- EXERCISE OBJECTIVE: Only one portion of the data is to be written out: from the line bearing "#2 pan (634,0,1192,581)" through the line bearing "Formatted like this". Write it exactly as it appears.

- - - - -

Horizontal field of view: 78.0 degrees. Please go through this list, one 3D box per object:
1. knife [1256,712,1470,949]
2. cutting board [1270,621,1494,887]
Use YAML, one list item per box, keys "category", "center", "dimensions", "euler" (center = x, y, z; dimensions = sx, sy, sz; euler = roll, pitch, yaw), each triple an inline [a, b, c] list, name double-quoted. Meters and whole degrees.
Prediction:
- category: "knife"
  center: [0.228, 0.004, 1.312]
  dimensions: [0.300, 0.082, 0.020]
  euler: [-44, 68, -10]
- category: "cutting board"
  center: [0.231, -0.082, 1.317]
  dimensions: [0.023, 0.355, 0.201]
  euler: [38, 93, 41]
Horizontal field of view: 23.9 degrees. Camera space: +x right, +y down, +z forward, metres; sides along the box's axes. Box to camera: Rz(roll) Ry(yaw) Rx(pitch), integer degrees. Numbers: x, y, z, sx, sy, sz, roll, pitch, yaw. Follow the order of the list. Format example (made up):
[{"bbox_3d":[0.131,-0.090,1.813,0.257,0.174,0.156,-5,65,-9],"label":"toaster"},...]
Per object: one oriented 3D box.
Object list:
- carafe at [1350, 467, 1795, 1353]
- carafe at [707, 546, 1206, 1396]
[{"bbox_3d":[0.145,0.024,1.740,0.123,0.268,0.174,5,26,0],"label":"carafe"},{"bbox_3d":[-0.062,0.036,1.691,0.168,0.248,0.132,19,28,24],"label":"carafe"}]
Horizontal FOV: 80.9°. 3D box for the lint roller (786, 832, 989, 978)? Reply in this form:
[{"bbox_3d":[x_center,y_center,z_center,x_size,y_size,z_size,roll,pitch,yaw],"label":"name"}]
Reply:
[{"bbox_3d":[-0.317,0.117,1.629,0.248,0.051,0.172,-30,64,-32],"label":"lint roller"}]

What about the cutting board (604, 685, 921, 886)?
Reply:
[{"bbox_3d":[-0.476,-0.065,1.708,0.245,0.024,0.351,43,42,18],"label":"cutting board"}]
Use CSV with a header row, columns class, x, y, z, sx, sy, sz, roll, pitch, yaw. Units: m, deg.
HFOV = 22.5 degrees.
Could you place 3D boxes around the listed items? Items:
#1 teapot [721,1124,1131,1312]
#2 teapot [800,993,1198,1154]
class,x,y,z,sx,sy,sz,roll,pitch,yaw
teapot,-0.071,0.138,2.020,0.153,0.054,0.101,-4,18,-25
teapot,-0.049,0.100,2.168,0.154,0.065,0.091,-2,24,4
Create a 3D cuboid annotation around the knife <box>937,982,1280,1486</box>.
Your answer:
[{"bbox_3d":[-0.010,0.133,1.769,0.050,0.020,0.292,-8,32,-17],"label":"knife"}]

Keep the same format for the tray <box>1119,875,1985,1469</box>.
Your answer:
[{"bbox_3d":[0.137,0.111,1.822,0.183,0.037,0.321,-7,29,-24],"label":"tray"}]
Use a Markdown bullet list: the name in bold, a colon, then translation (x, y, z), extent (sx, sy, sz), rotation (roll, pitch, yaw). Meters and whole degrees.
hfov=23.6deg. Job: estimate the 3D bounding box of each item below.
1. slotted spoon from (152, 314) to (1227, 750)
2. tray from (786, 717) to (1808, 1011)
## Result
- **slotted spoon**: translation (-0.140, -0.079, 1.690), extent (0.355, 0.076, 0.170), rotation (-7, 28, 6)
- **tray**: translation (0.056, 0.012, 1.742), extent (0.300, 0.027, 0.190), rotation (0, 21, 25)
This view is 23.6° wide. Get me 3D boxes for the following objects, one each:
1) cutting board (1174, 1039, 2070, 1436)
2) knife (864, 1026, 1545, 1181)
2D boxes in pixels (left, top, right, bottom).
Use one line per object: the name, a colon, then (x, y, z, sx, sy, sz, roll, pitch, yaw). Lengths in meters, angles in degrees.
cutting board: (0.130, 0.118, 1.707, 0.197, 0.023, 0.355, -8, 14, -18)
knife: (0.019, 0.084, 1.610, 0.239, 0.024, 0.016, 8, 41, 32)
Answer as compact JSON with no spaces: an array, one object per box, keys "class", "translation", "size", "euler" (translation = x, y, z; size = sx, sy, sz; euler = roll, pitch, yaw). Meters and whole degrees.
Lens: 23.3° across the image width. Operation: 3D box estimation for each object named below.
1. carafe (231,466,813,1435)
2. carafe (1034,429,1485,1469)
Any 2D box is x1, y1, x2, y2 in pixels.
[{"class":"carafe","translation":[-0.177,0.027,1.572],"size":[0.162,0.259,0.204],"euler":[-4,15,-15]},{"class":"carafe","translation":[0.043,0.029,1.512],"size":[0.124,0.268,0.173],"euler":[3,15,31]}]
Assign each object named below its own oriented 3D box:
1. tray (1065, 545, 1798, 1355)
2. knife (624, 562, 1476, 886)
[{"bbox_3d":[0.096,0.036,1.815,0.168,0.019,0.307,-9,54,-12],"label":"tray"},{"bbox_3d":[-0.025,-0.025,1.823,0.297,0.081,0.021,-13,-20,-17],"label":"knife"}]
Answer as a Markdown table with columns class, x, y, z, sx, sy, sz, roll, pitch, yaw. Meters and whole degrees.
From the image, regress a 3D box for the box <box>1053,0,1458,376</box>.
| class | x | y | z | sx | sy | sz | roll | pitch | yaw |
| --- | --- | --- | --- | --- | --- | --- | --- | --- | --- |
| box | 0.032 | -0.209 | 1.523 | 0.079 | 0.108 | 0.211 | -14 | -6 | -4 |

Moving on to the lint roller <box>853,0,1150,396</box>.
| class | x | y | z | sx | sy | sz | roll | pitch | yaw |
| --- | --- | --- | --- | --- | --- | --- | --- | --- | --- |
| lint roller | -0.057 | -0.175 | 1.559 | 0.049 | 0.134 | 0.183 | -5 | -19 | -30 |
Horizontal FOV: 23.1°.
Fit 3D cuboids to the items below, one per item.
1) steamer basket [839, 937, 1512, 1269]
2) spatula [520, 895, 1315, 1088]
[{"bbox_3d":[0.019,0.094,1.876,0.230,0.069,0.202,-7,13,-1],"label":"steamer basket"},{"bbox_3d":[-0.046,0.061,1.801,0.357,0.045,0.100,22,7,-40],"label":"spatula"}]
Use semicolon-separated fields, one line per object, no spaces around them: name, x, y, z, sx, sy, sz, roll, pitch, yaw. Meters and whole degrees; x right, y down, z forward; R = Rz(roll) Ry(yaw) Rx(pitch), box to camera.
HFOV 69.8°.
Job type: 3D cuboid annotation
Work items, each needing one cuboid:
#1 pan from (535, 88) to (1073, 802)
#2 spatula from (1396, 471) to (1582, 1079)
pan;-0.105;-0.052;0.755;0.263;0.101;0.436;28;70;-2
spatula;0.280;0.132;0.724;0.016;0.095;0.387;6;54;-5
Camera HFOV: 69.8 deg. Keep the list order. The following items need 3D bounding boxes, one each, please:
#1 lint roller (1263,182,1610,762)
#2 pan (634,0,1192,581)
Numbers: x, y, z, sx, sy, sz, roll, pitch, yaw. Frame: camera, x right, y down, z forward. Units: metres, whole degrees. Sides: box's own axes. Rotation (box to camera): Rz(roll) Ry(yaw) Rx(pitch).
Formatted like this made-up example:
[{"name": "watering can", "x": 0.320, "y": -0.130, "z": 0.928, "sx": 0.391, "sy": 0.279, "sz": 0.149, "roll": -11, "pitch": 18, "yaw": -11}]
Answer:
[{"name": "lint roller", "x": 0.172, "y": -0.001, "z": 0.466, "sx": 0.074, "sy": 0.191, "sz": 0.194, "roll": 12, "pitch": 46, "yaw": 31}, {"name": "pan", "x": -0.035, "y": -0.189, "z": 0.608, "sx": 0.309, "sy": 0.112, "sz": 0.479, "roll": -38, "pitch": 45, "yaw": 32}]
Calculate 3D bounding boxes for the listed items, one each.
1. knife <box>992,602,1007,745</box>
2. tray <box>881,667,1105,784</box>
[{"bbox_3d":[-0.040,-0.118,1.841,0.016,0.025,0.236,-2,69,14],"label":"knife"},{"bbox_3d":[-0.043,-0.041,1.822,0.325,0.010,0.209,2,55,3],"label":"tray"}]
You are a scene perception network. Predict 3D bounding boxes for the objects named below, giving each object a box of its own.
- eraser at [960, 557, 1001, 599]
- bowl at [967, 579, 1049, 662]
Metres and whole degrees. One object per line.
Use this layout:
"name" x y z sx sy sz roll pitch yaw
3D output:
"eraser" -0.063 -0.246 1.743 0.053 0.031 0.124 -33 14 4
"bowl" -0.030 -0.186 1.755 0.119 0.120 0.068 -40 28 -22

- - - - -

- EXERCISE RESULT:
#2 pan (634,0,1192,581)
Numbers: x, y, z, sx, sy, sz, roll, pitch, yaw. Frame: camera, x right, y down, z forward. Units: metres, whole degrees. Sides: box's own axes. Rotation (box to camera): Rz(roll) Ry(yaw) Rx(pitch).
Formatted like this made-up example:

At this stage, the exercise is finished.